Oprogramowanie antywirusowe zwykle wykorzystuje dwie różne techniki, aby to osiągnąć:
Podejście do słownika wirusów W podejściu do słownika wirusów, gdy oprogramowanie antywirusowe sprawdza plik, odnosi się do słownika znanych wirusów, które zostały zidentyfikowane przez autora oprogramowania antywirusowego. Jeśli fragment kodu w pliku pasuje do dowolnego wirusa zidentyfikowanego w słowniku, wówczas oprogramowanie antywirusowe może albo usunąć plik, poddać go kwarantannie, aby plik był niedostępny dla innych programów i wirus nie mógł się rozprzestrzeniać, lub podjąć próbę naprawić plik, usuwając samego wirusa z pliku.
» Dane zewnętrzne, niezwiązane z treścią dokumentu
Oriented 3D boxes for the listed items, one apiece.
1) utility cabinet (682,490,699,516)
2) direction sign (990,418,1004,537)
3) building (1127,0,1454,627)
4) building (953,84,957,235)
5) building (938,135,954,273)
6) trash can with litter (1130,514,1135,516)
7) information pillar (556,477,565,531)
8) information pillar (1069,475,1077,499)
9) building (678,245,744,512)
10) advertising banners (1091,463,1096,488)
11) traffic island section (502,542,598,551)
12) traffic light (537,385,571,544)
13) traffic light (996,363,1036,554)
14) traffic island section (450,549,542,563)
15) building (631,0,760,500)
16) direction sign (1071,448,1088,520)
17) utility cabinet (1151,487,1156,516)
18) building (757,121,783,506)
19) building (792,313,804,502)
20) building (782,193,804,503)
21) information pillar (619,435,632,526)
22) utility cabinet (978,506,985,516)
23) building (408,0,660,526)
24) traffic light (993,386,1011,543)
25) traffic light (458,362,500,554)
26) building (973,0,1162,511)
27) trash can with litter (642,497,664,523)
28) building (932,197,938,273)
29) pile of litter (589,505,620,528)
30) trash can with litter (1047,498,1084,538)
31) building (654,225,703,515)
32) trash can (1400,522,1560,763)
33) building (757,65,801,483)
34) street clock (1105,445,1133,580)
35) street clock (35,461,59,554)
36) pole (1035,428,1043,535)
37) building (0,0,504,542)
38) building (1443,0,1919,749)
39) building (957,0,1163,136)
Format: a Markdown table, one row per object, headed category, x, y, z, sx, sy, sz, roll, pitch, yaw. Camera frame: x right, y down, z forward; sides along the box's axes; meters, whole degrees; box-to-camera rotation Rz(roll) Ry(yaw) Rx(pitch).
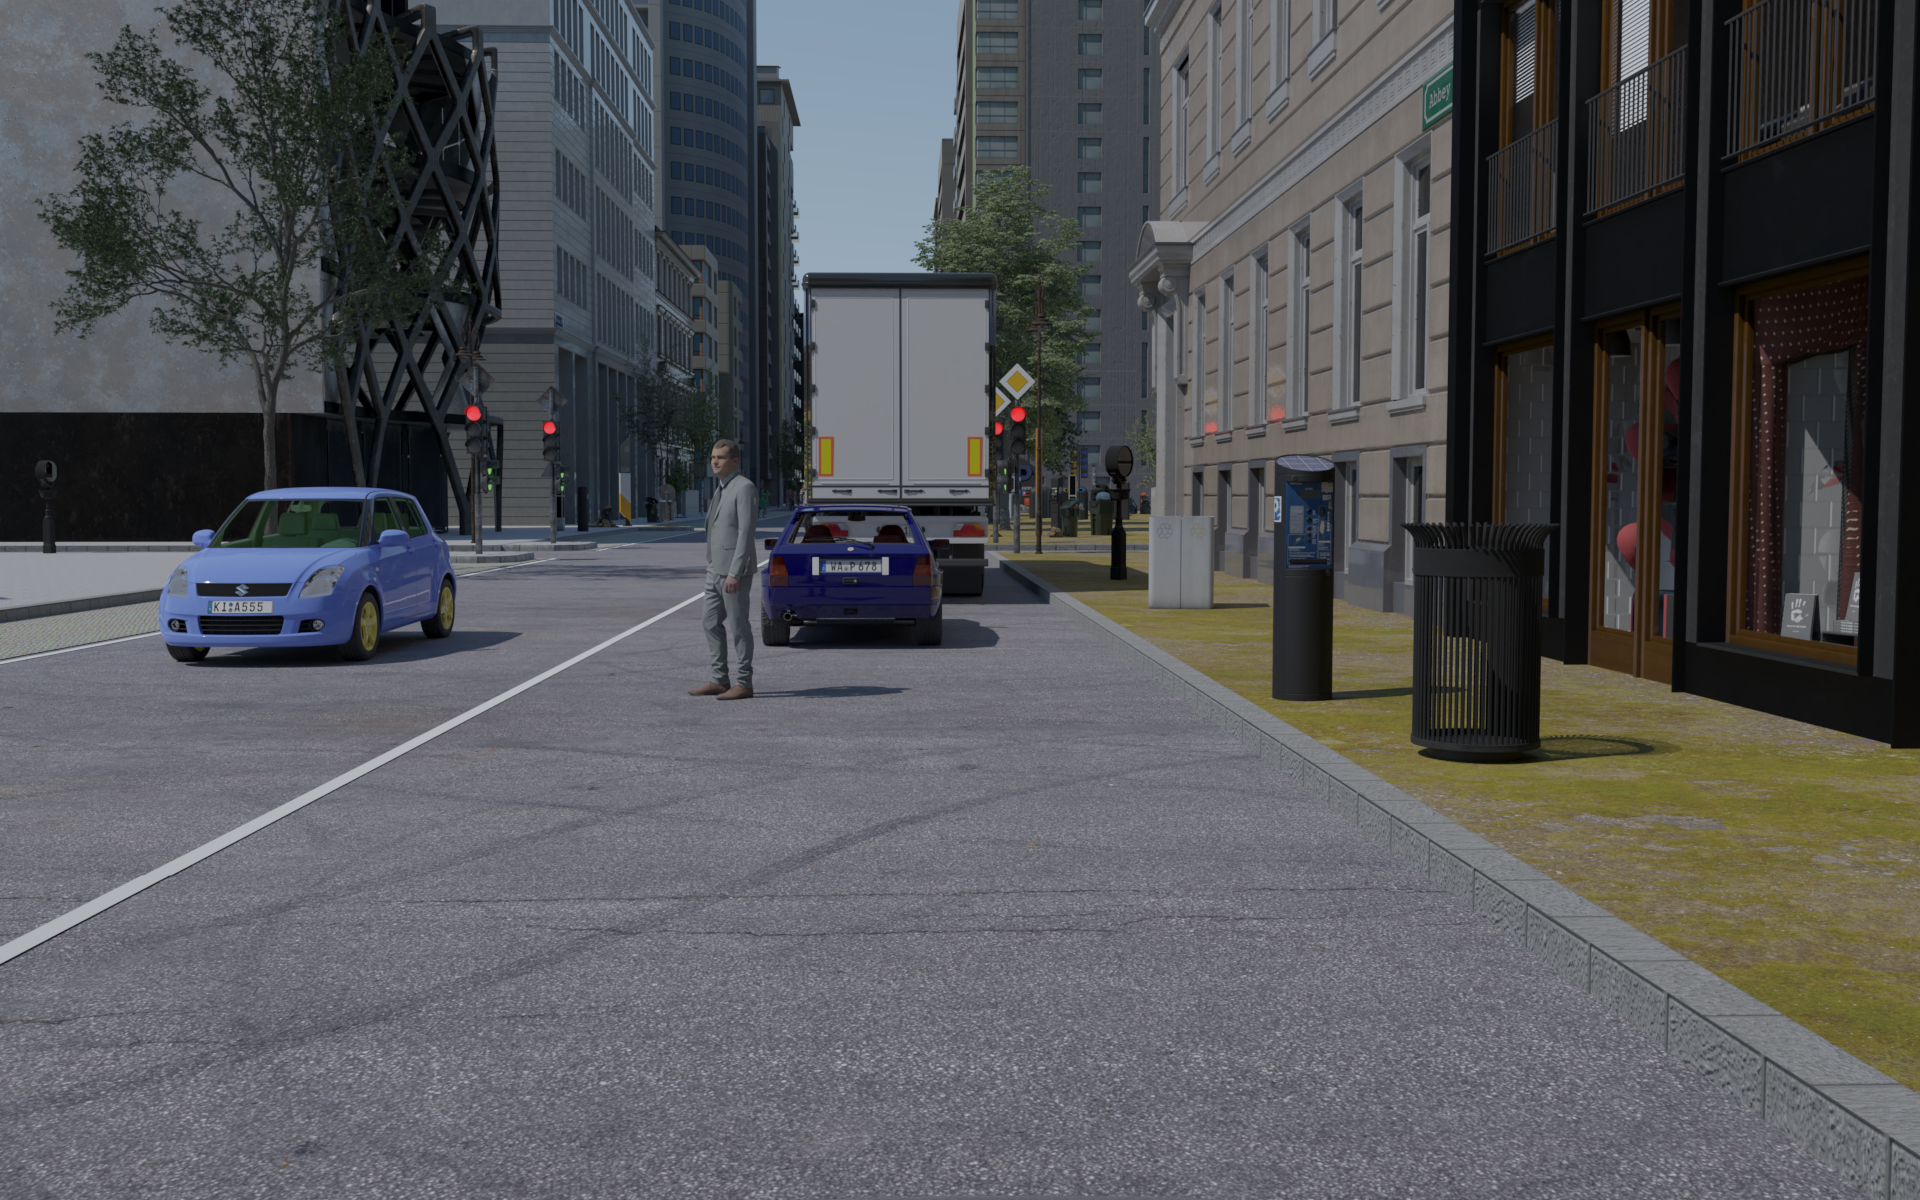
| category | x | y | z | sx | sy | sz | roll | pitch | yaw |
| --- | --- | --- | --- | --- | --- | --- | --- | --- | --- |
| utility cabinet | -15.630 | -5.605 | 100.318 | 0.318 | 1.500 | 1.173 | 2 | 4 | 31 |
| direction sign | 1.089 | -3.663 | 51.888 | 0.379 | 3.537 | 0.876 | -2 | 4 | -26 |
| building | 10.525 | -14.630 | 25.101 | 13.634 | 28.700 | 20.117 | 0 | 4 | -2 |
| building | 10.682 | -34.222 | 179.130 | 23.786 | 49.044 | 30.456 | 0 | 4 | -2 |
| building | 8.036 | -36.796 | 225.311 | 21.300 | 48.544 | 21.600 | 0 | 4 | -2 |
| trash can with litter | 9.151 | -5.511 | 101.158 | 2.233 | 1.210 | 1.678 | 0 | 4 | 1 |
| information pillar | -13.965 | -3.418 | 60.370 | 0.304 | 2.012 | 0.304 | 0 | 4 | 2 |
| information pillar | 4.329 | -3.801 | 66.636 | 0.304 | 2.012 | 0.304 | 0 | 4 | 2 |
| building | -32.011 | -17.699 | 134.423 | 27.650 | 21.520 | 28.899 | 0 | 4 | -2 |
| advertising banners | 8.042 | -6.262 | 98.578 | 0.090 | 3.025 | 2.074 | 3 | 5 | 39 |
| traffic island section | -10.574 | -1.387 | 44.957 | 2.009 | 0.180 | 2.903 | 0 | 4 | -2 |
| traffic light | -10.534 | -3.419 | 44.824 | 0.839 | 4.253 | 0.868 | 0 | 4 | -2 |
| traffic light | 1.209 | -2.957 | 37.274 | 0.839 | 4.253 | 0.868 | 0 | 4 | -2 |
| traffic island section | -10.285 | -0.899 | 36.977 | 2.009 | 0.180 | 2.903 | 0 | 4 | -2 |
| building | -30.624 | -37.954 | 162.550 | 21.231 | 58.520 | 28.212 | 0 | 4 | -2 |
| direction sign | 5.892 | -5.729 | 85.664 | 0.876 | 3.537 | 0.379 | 1 | 4 | 19 |
| utility cabinet | 6.449 | -2.785 | 54.216 | 0.318 | 1.500 | 1.173 | -2 | 4 | -32 |
| building | -26.448 | -30.627 | 184.352 | 14.154 | 41.232 | 14.086 | 0 | 4 | -2 |
| building | -30.026 | -30.547 | 271.150 | 14.160 | 30.474 | 14.107 | 0 | 4 | -2 |
| building | -34.456 | -38.444 | 248.168 | 23.786 | 49.044 | 30.456 | 0 | 4 | -2 |
| information pillar | -13.316 | -4.742 | 68.885 | 0.504 | 3.616 | 0.183 | -3 | 5 | -44 |
| utility cabinet | 0.842 | -5.551 | 99.443 | 1.173 | 1.500 | 0.318 | -2 | 4 | -31 |
| building | -22.160 | -18.708 | 83.376 | 11.434 | 29.767 | 29.804 | 0 | 4 | -2 |
| traffic light | 0.920 | -3.445 | 45.254 | 0.839 | 4.253 | 0.868 | 0 | 4 | -2 |
| traffic light | -10.244 | -2.931 | 36.844 | 0.839 | 4.253 | 0.868 | 0 | 4 | -2 |
| building | 7.934 | -27.637 | 135.452 | 14.154 | 41.232 | 14.086 | 0 | 4 | -2 |
| trash can with litter | -13.744 | -4.055 | 77.691 | 0.624 | 1.170 | 1.055 | 1 | 4 | 19 |
| building | 7.156 | -36.454 | 250.650 | 22.147 | 44.769 | 28.867 | 0 | 4 | -2 |
| pile of litter | -13.811 | -3.236 | 66.870 | 1.176 | 0.858 | 1.719 | -3 | 4 | -36 |
| trash can with litter | 3.113 | -2.440 | 51.276 | 1.055 | 1.170 | 0.624 | -3 | 4 | -39 |
| building | -22.415 | -14.916 | 108.501 | 10.561 | 19.102 | 19.286 | 0 | 4 | -2 |
| trash can | 2.524 | 0.195 | 8.458 | 0.748 | 1.137 | 0.748 | 0 | 3 | 0 |
| building | -34.898 | -38.438 | 217.707 | 28.713 | 52.752 | 27.495 | 0 | 4 | -2 |
| street clock | 2.376 | -1.304 | 25.897 | 0.358 | 2.002 | 0.471 | 2 | 4 | 35 |
| street clock | -19.693 | -2.008 | 37.405 | 0.358 | 2.002 | 0.471 | 0 | 4 | 8 |
| pole | 2.455 | -3.667 | 53.798 | 0.158 | 3.312 | 0.155 | 0 | 3 | 0 |
| building | -23.333 | -11.412 | 54.036 | 16.820 | 18.784 | 16.811 | 0 | 4 | -2 |
| building | 10.810 | -10.865 | 7.321 | 12.332 | 23.373 | 15.834 | 0 | 4 | -2 |
| building | 10.712 | -32.382 | 153.150 | 21.300 | 48.544 | 21.600 | 0 | 4 | -2 |

Aby odnieść sukces w perspektywie średnio- i długoterminowej, podejście do słownika wirusów wymaga okresowego pobierania online zaktualizowanych wpisów słownika wirusów. Ponieważ nowe wirusy są identyfikowane „na wolności”, nastawieni na społeczeństwo i technicznie skłonni użytkownicy mogą wysyłać swoje zainfekowane pliki do autorów oprogramowania antywirusowego, którzy następnie umieszczają informacje o nowych wirusach w swoich słownikach.
Słownikowe oprogramowanie antywirusowe zwykle sprawdza pliki, gdy system operacyjny komputera je tworzy, otwiera i zamyka; i kiedy pliki są wysyłane pocztą elektroniczną. W ten sposób znany wirus może zostać wykryty natychmiast po otrzymaniu. Oprogramowanie można zazwyczaj zaplanować tak, aby regularnie sprawdzało wszystkie pliki na dysku twardym użytkownika.
Chociaż podejście słownikowe jest uważane za skuteczne, autorzy wirusów starali się wyprzedzać takie oprogramowanie, pisząc „wirusy polimorficzne”, które szyfrują swoje części lub w inny sposób modyfikują się jako metoda maskowania, aby nie pasować do sygnatury wirusa w słowniku.
Podejście podejrzanego zachowania Podejście podejrzanego zachowania nie próbuje natomiast zidentyfikować znanych wirusów, ale monitoruje zachowanie wszystkich programów. Jeśli na przykład jeden program próbuje zapisać dane w programie wykonywalnym, jest to oznaczane jako podejrzane zachowanie, a użytkownik jest o tym powiadamiany i pytany, co zrobić.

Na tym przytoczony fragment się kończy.